Зотов с Егоровым вошли в комнату, где колхозники получали наряды на работу. Иван усердно работал, но сам чутко прислушивался к каждому звуку. Правда, плотно закрытая дверь мешала. Голоса звучали глухо и неразборчиво, зато шум работавшей пилорамы был отчетлив и даже усиливался в пустом гулком помещении. Вот бы как-нибудь остановить эту пилораму, послушать у дверной щели, о чем говорит милиционер с Зотовым. Иван даже работать прекратил, все ближе и ближе подбирался к щели, и в этот момент дверь открылась. Ивана словно током ударило, он резко отпрянул от двери и выронил из рук стекло. По полу со звоном посыпались осколки.
— Испугали вы меня, неожиданно вышли, — криво улыбнулся Иван.
— Ну, кому же из нас колхозу убытки возмещать? — шутливо обратился к Зотову Егоров.
— Вы тут ни при чем. Сам я виноват, — опустившись на колени, стал Иван собирать с пола осколки.
— Что ж, сам так сам, — легко согласился Егоров. — Ну, а бояться нас нечего, если совесть чиста.
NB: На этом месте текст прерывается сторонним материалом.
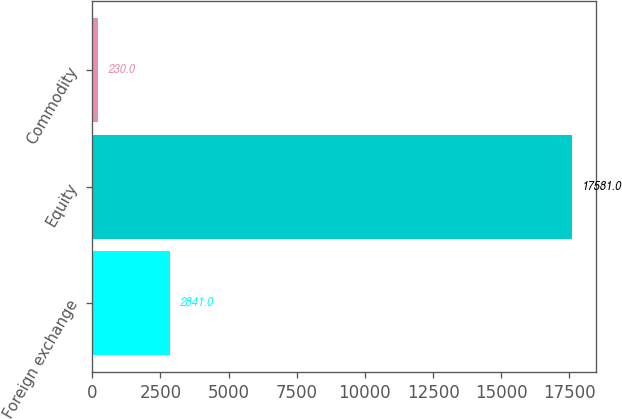Convert chart to OTSL. <chart><loc_0><loc_0><loc_500><loc_500><bar_chart><fcel>Foreign exchange<fcel>Equity<fcel>Commodity<nl><fcel>2841<fcel>17581<fcel>230<nl></chart> 
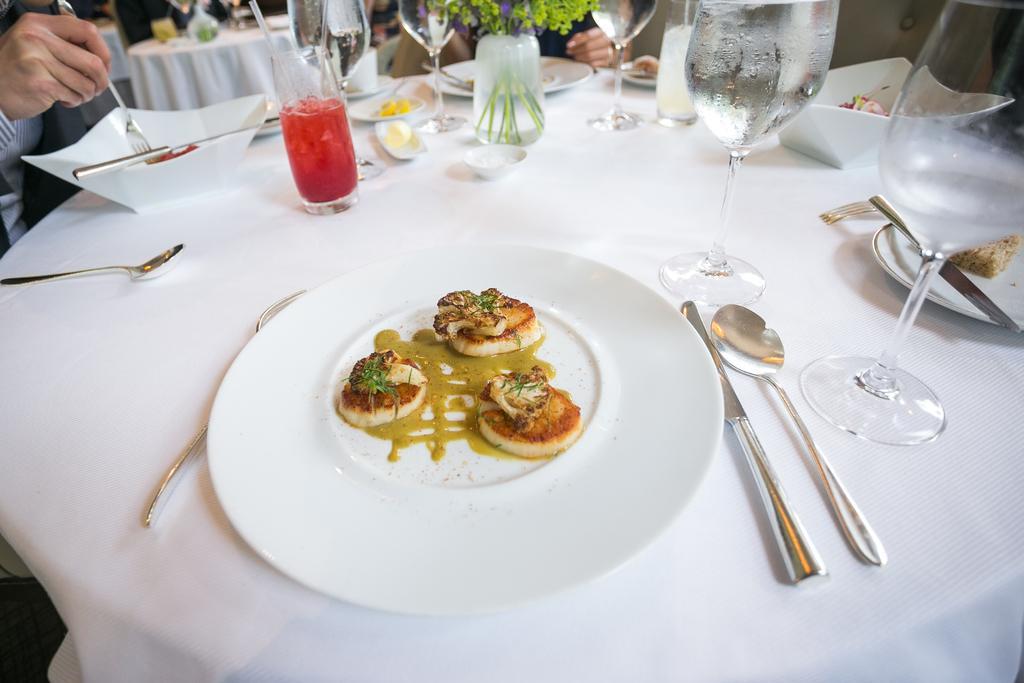Could you give a brief overview of what you see in this image? This is a table which is covered with a cloth, where a plate, a glass and spoons are kept on it.

Как вы думаете, Парамон Степанович?
— Это точно, — Парамон изобразил на лице вымученную улыбку. — Когда совесть чиста, то и жить легко.
Когда участковый и Зотов ушли, Иван снова отложил стекло в сторону.
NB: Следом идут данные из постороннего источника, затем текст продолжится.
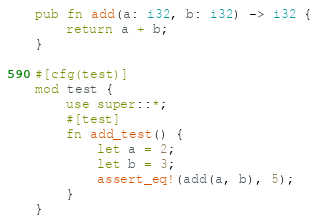Convert code to text. <code><loc_0><loc_0><loc_500><loc_500><_Rust_>pub fn add(a: i32, b: i32) -> i32 {
    return a + b;
}

#[cfg(test)]
mod test {
    use super::*;
    #[test]
    fn add_test() {
        let a = 2;
        let b = 3;
        assert_eq!(add(a, b), 5);
    }
}
</code> 
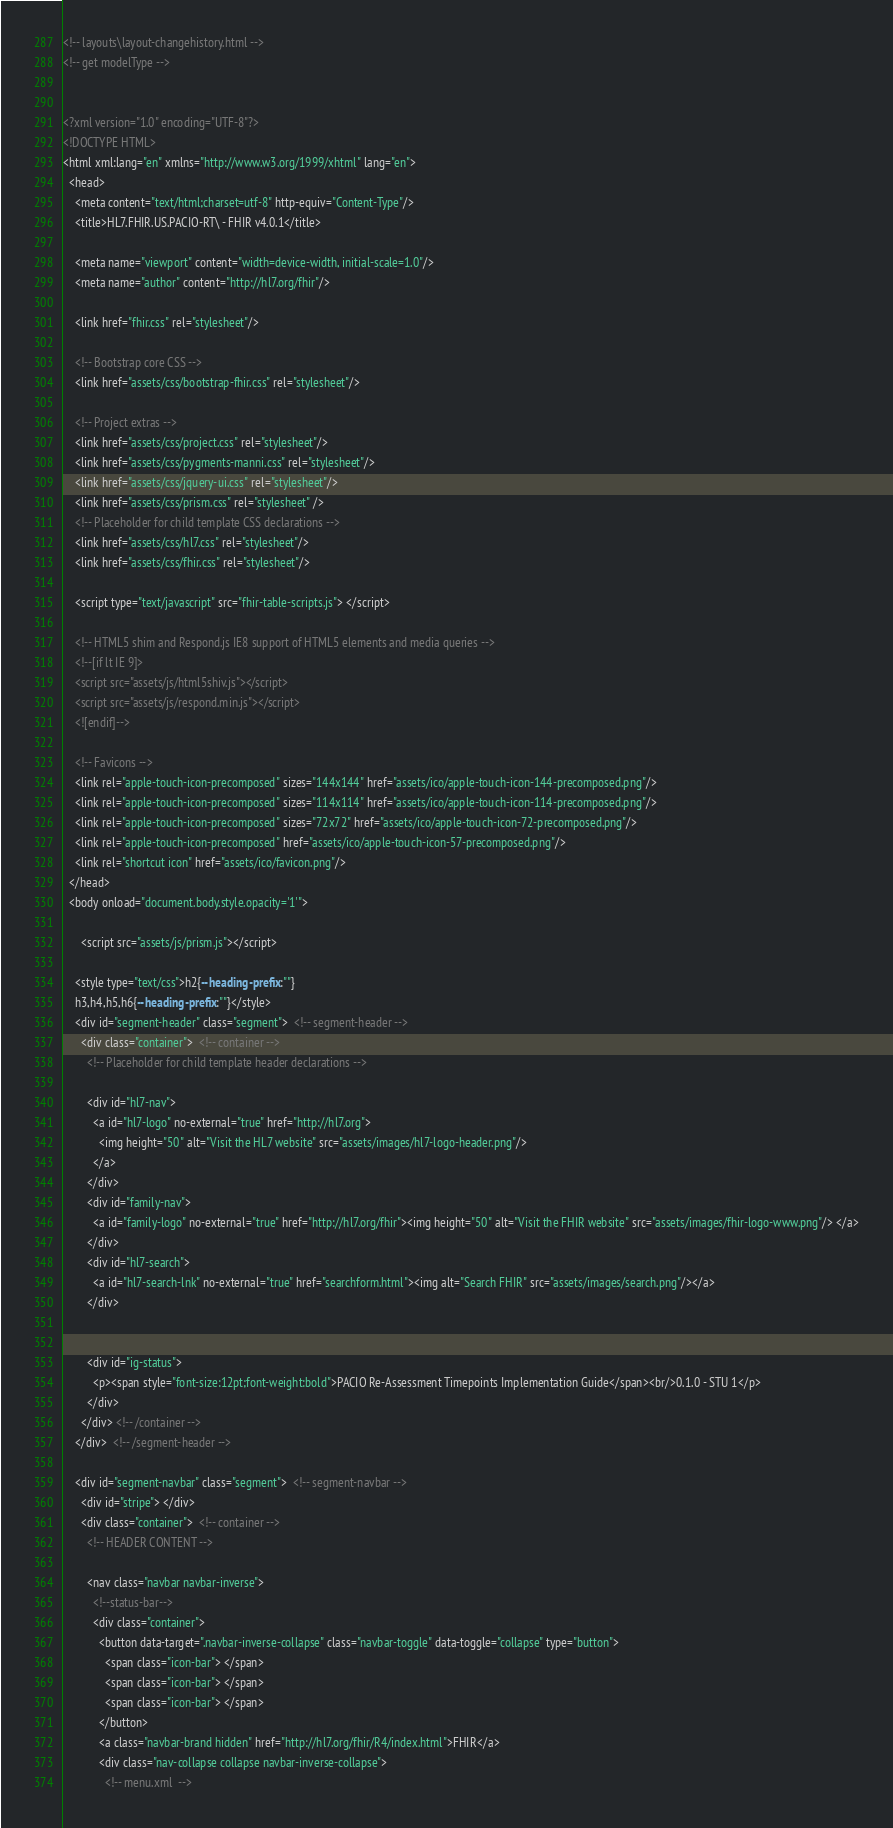Convert code to text. <code><loc_0><loc_0><loc_500><loc_500><_HTML_><!-- layouts\layout-changehistory.html -->
<!-- get modelType -->


<?xml version="1.0" encoding="UTF-8"?>
<!DOCTYPE HTML>
<html xml:lang="en" xmlns="http://www.w3.org/1999/xhtml" lang="en">
  <head>
    <meta content="text/html;charset=utf-8" http-equiv="Content-Type"/>
    <title>HL7.FHIR.US.PACIO-RT\ - FHIR v4.0.1</title>

    <meta name="viewport" content="width=device-width, initial-scale=1.0"/>
    <meta name="author" content="http://hl7.org/fhir"/>

    <link href="fhir.css" rel="stylesheet"/>

    <!-- Bootstrap core CSS -->
    <link href="assets/css/bootstrap-fhir.css" rel="stylesheet"/>

    <!-- Project extras -->
    <link href="assets/css/project.css" rel="stylesheet"/>
    <link href="assets/css/pygments-manni.css" rel="stylesheet"/>
    <link href="assets/css/jquery-ui.css" rel="stylesheet"/>
  	<link href="assets/css/prism.css" rel="stylesheet" />
    <!-- Placeholder for child template CSS declarations -->
    <link href="assets/css/hl7.css" rel="stylesheet"/>
    <link href="assets/css/fhir.css" rel="stylesheet"/>

    <script type="text/javascript" src="fhir-table-scripts.js"> </script>

    <!-- HTML5 shim and Respond.js IE8 support of HTML5 elements and media queries -->
    <!--[if lt IE 9]>
    <script src="assets/js/html5shiv.js"></script>
    <script src="assets/js/respond.min.js"></script>
    <![endif]-->

    <!-- Favicons -->
    <link rel="apple-touch-icon-precomposed" sizes="144x144" href="assets/ico/apple-touch-icon-144-precomposed.png"/>
    <link rel="apple-touch-icon-precomposed" sizes="114x114" href="assets/ico/apple-touch-icon-114-precomposed.png"/>
    <link rel="apple-touch-icon-precomposed" sizes="72x72" href="assets/ico/apple-touch-icon-72-precomposed.png"/>
    <link rel="apple-touch-icon-precomposed" href="assets/ico/apple-touch-icon-57-precomposed.png"/>
    <link rel="shortcut icon" href="assets/ico/favicon.png"/>
  </head>
  <body onload="document.body.style.opacity='1'">

	  <script src="assets/js/prism.js"></script>

    <style type="text/css">h2{--heading-prefix:""}
    h3,h4,h5,h6{--heading-prefix:""}</style>
    <div id="segment-header" class="segment">  <!-- segment-header -->
      <div class="container">  <!-- container -->
        <!-- Placeholder for child template header declarations -->

        <div id="hl7-nav">
          <a id="hl7-logo" no-external="true" href="http://hl7.org">
            <img height="50" alt="Visit the HL7 website" src="assets/images/hl7-logo-header.png"/>
          </a>
        </div>
        <div id="family-nav">
          <a id="family-logo" no-external="true" href="http://hl7.org/fhir"><img height="50" alt="Visit the FHIR website" src="assets/images/fhir-logo-www.png"/> </a>
        </div>
        <div id="hl7-search">
          <a id="hl7-search-lnk" no-external="true" href="searchform.html"><img alt="Search FHIR" src="assets/images/search.png"/></a>
        </div>


        <div id="ig-status">
          <p><span style="font-size:12pt;font-weight:bold">PACIO Re-Assessment Timepoints Implementation Guide</span><br/>0.1.0 - STU 1</p>
        </div>
      </div> <!-- /container -->
    </div>  <!-- /segment-header -->

    <div id="segment-navbar" class="segment">  <!-- segment-navbar -->
      <div id="stripe"> </div>
      <div class="container">  <!-- container -->
        <!-- HEADER CONTENT -->

        <nav class="navbar navbar-inverse">
          <!--status-bar-->
          <div class="container">
            <button data-target=".navbar-inverse-collapse" class="navbar-toggle" data-toggle="collapse" type="button">
              <span class="icon-bar"> </span>
              <span class="icon-bar"> </span>
              <span class="icon-bar"> </span>
            </button>
            <a class="navbar-brand hidden" href="http://hl7.org/fhir/R4/index.html">FHIR</a>
            <div class="nav-collapse collapse navbar-inverse-collapse">
              <!-- menu.xml  -->
</code>

— Ну вот, — подумал он, — по-иному теперь дело обернуться может. И как угораздило меня стекло разбить да еще сказать, что испугался. А Парамон тут как тут. Сразу же про совесть заговорил. Молчал бы лучше. Вон на его совести сколько дел. Одни телята чего стоят. Мне бы Егорову про них рассказать, место показать. А потом намекнуть, что не только Варя про это знает, могла и Полина знать. А Полина молчать не стала бы, как Варя. Она другой человек, не терпит обмана, против совести не пойдет. Если бы, к примеру, узнала она, что павшие телята в старой конюшне — дело рук Парамона, она бы наверняка перед всем народом толкнула бы его в эту навозную яму. Может, именно этим и помешала она Парамону? А так молчит, пропала — и все тихо. Вот как нужно бы поговорить с Егоровым, показать ему телячье кладбище, но как теперь поговоришь, когда со стеклом такое получилось. Он улыбался тогда, а подумать мог, и про совесть неспроста заговорил. Нет, теперь по-новому продумать все нужно.
Иван снова взял в руки алмаз. Надо скорее закончить работу да поразмыслить на досуге. Плохо, посоветоваться не с кем. Но Иван и не любил советчиков. Давно уже полагался он в жизни только на себя, свою смекалку, опыт, И до сих пор они его не подвели. Жизнь, она как матрац: то белая полоса, то черная. Значит, подождем этой белой полосы, а там посмотрим. Решив так, Иван поспешил закончить работу. Даже позволил себе оставить неровным конец стекла, таким и установил в раму. Тут уж не до качества, когда мысли наперекосяк. Но надежды он не терял.
VI
Сидит Лиза в своем медпункте в каком-то недоумении. В самом деле, пришла на работу даже раньше положенного времени, и вот уже скоро закрывать пора, но ни одного пациента. Что же это такое? У нее все давно готово: и шприцы стерильны, и ватных тампонов наготовлено на несколько дней. Лиза бесцельно перекладывает с места на место лежащие на столе тонометр, фонендоскоп, тетрадь для регистрации больных. Раньше за этим столом сидел фельдшер, а теперь — она. И не только сидит, но выполняет фельдшерские обязанности. Уже довольно давно выполняет, с тех пор, как пропала Полина Зотова. Все привыкли к этому, теперь приходят к ней со своими болезнями. Лиза ведет прием по всем правилам, как это делала Полина. Внимательно выслушивает, на что человек жалуется, осматривает с головы до ног, заставляет водить глазами вправо-влево, приседать, наклоняться, прощупывает шею, плечи, живот. Ставит градусник, предлагает показать зубы, высунуть язык. Больных немного, вот она и развлекается. А они считают — так и надо. «Она не хуже Полины лечит, — говорят о Лизе в Чебернюке. — Внимательная».
У Лизы даже интонации появились Полинины, когда расспрашивала больных о самочувствии. Это быстро заметили и тут же за глаза переименовали Лизу: если раньше за белые волосы ее называли Унябей[2] Лиза, то теперь стали звать, как раньше Полину за ее привычку повторять при осмотре слово «еще», Эшшо Лиза. В глубине души Лиза была довольна этим. Она давно уже хотела походить на Полину, тем более что и разница в возрасте у них небольшая, и учились вместе, только одна на фельдшера, другая на медсестру. Ну, а практики Лизе не занимать. Уколы, банки, перевязки разные делала она мастерски. Это знали все, кто хоть раз побывал в медпункте. Говорили, что у Лизы рука легкая и мягкая.